The city of Greenwood in February forked over $495,000 in upfront cash toward a new headquarters for the company and pledged up to $336,000 in additional hiring incentives.
Gov. Mitch Daniels joined the party in early May, visiting the new offices to announce a $1 million state incentive deal including tax breaks and training grants tied to the 50-employee company’s promise to add 110 jobs over the next five years.
The operator of niche retail websites has a good story to tell: Husband-and-wife entrepreneurs Randy and Angie Stocklin started it out of their home with $20,000 in 2005. They own a portfolio of online stores including SunglassWarehouse.com, HandbagHeaven.com and Scarves.net, and have invested heavily in search-engine marketing to attract customers. Revenue rose to $5.3 million last year, up from $2 million in 2009.
The couple has given One Click a startup vibe including an employee café with a foosball table and big-screen TV, and recruited tech-industry veterans including a former top executive at Angie’s List.

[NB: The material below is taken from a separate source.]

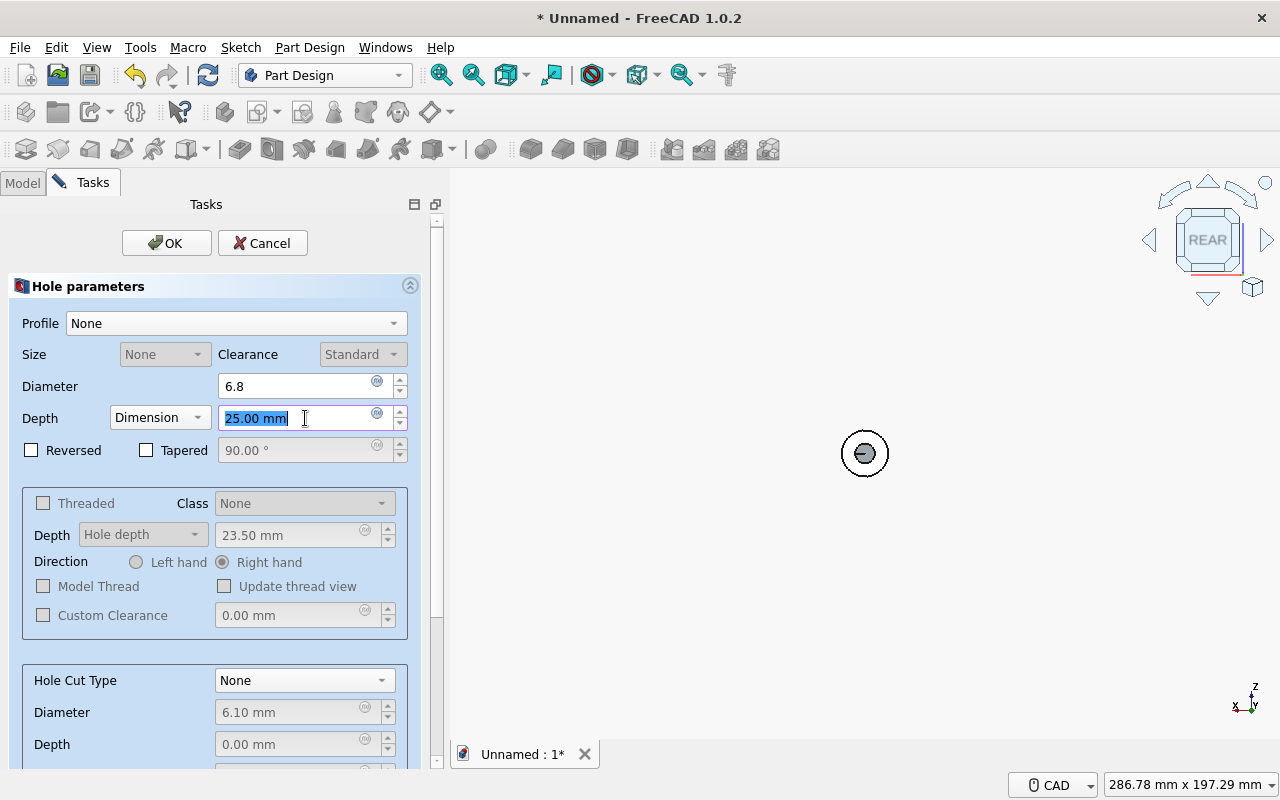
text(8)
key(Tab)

But behind the tech-startup sheen is a very small player in a fragmented and hypercompetitive online retail industry. One Click relies mostly on unbranded merchandise produced in Asia that it purchases from middlemen. To stay competitive on prices and offer reasonable shipping costs, it has to accept narrow margins on most products. Its growth fortunes are tied to a mastery of Google’s always-changing search algorithm and the availability of additional retail websites to acquire at reasonable prices.
Even the company’s name is a bit of a misnomer since Amazon.com Inc. owns the patent to the technology known as one-click ordering. Other e-retailers have to wait until 2017 at the earliest before they can literally complete customer orders with a single click.
Yet there are huge success stories with similar roots, including a few operators that ultimately sold to Amazon at lofty prices.
“I certainly wouldn’t have left Angie’s List if I didn’t think the opportunities were outstanding,” said Scott A. Brenton, who left his chief operating officer post at the more mature local company in April to take over as One Click’s chief marketing officer.
Search-marketing focus
Randy Stocklin, the CEO, is confident One Click can build a sustainable and defendable model. At the core of the case is the idea that a targeted shopping experience—without the distraction of multiple types of products—results in better conversion rates.
So far, he and his wife, who curates the company’s product offerings, have taken a conservative approach to growing the company. One Click has acquired new websites out of the cash it generates and has no debt. Plans call for outside capital as the company chases larger acquisitions.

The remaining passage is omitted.